The change to electric drive systems as well as the increasing importance of autonomous driving imply completely new applications and challenges in the field of "Thermal Management." The functional relationship between the operating temperature of a battery stack and its maximum achievable number of cycles has been sufficiently proven, which can be quantified extremely precisely by the following rule of thumb:
"A reduction in operating temperature by 10°C doubles the lifetime of the battery cells"
The net reach of an electric car is also noticeably dependent on the operating temperature of the battery and thus also indirectly on the present thermal cooling. In addition to the concept for thermal connectivity of the energy source, the "car of tomorrow" also requires solutions for electrical components in the areas of LED, sensor technology, on-board network and inverter, one of the core elements of the electric powertrain.
For high volumes in particular, two-component GFL are an efficient and cost-oriented solution. For this purpose, the two components of the ceramic filled silicone elastomers are blended by a mixing tube and can be directly applied to the component (e.g. metal housing) by a dispensing system. In the next step, the electronic components (e.g. IGBTs, capacitors, etc.) are attached under slight pressure to the still uncured mass, thus creating an even distribution of the mass and consequently a defined thickness as well as reproducible electrical and thermal parameters. The cross-linking or curing of the mass takes place under room temperature and lasts about an hour, but can be customized at the customer's request. Primarily the GFL with lower thermal conductivity has a high self-adhesion, which can be very useful for the assembly. Nevertheless, in case of a disassembly the GFL of KERAFOL can be removed again, a property that is not always customary in the market.

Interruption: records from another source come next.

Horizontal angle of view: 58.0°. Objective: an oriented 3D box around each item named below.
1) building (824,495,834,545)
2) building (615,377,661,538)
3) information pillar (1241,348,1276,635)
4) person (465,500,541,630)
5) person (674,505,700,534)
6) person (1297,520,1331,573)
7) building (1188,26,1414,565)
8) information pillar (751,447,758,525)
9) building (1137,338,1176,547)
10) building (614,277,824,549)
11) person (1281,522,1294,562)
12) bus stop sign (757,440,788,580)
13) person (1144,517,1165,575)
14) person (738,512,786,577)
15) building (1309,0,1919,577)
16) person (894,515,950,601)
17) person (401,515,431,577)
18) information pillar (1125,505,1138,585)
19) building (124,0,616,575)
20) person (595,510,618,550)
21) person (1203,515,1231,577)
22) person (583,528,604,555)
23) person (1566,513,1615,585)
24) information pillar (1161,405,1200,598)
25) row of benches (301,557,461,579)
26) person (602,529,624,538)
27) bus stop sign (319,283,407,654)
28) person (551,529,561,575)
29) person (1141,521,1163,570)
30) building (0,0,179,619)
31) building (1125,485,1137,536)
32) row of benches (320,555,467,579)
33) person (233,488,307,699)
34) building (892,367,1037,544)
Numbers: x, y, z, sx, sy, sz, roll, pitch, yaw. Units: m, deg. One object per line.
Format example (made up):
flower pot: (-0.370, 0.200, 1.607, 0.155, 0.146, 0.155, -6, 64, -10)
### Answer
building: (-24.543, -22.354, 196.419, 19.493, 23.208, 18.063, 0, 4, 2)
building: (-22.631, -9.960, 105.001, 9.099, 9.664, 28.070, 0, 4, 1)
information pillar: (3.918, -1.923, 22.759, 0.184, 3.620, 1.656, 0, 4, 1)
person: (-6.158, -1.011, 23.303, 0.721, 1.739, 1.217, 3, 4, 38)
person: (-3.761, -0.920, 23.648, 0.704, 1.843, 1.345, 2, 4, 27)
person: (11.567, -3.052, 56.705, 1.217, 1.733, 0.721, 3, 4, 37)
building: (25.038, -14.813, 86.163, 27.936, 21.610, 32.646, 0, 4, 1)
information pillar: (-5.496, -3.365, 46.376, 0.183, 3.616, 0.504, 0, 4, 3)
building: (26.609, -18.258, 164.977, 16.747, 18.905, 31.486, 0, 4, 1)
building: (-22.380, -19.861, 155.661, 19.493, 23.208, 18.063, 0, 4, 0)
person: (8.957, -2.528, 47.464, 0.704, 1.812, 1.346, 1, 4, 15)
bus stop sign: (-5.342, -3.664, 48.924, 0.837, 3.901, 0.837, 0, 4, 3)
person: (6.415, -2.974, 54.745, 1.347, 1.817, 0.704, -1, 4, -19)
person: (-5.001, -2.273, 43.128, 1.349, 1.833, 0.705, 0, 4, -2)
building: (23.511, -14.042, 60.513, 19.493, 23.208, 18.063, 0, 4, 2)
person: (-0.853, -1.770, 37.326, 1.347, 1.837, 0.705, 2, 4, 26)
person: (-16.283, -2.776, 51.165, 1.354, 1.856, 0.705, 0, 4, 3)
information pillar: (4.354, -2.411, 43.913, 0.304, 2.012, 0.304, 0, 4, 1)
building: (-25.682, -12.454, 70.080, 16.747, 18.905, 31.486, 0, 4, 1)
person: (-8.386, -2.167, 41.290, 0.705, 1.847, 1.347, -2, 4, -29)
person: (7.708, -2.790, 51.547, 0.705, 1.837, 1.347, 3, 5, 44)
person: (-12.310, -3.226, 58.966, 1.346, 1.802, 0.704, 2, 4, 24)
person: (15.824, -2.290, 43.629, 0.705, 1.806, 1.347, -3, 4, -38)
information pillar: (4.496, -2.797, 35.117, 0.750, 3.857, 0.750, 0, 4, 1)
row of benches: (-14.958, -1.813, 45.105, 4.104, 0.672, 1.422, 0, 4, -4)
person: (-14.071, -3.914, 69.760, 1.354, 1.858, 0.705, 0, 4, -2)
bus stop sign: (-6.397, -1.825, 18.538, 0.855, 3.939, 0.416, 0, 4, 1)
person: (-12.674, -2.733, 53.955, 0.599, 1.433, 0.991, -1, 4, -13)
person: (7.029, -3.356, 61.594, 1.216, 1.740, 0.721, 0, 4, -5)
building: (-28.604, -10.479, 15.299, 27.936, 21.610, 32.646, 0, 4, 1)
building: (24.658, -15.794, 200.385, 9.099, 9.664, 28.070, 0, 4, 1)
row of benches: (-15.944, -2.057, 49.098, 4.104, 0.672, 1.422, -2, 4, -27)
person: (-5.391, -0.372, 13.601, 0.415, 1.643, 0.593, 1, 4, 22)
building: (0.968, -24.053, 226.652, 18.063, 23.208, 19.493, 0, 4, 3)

Compared to systems based on polyurethane or epoxy, silicon-containing GFL can absorb and compensate vibrations much better, an effect that is favoured by the high softness of the GFL. In addition, the low viscosity of the GFL allows for a simple workability and has a gentle effect on the dispensing system, a thesis that has been confirmed by leading plant manufacturers such as ViscoTec, bdtronic or Scheugenpflug.
For many thermal connections in the field of e-mobility, classic thermal conducting tapes and pads are still "state of the art." Especially cross-linked silicone-based elastomers, better known as Softtherm Gap Pads, can play a crucial role in thermal cooling (power range up to 6 W/mK) of electronic components due to their variety of specifically adjustable properties.
Due to the high flexibility and enormous mechanical resistance of the Softtherm Pads, large gap dimensions as well as high component tolerances can be compensated. In addition to individual solutions, such as one-sided adhesive coating for component fixation or fibreglass reinforcement to increase mechanical stability, two-layer films (required by specific regulations) can also be of great added value to the customer. KERAFOL is meeting these customer-specific requirements for many years and finds the right solution for every application. Regardless of which of the "Thermal Interface Materials" is the best solution from a technical and monetary point of view,
“…An innovative and sustainable transport politic is not only an environmental and climate policy, but also a central condition for the future competitiveness of German industry.”
A premise that the company policy of the family-run company KERAFOL is also based on.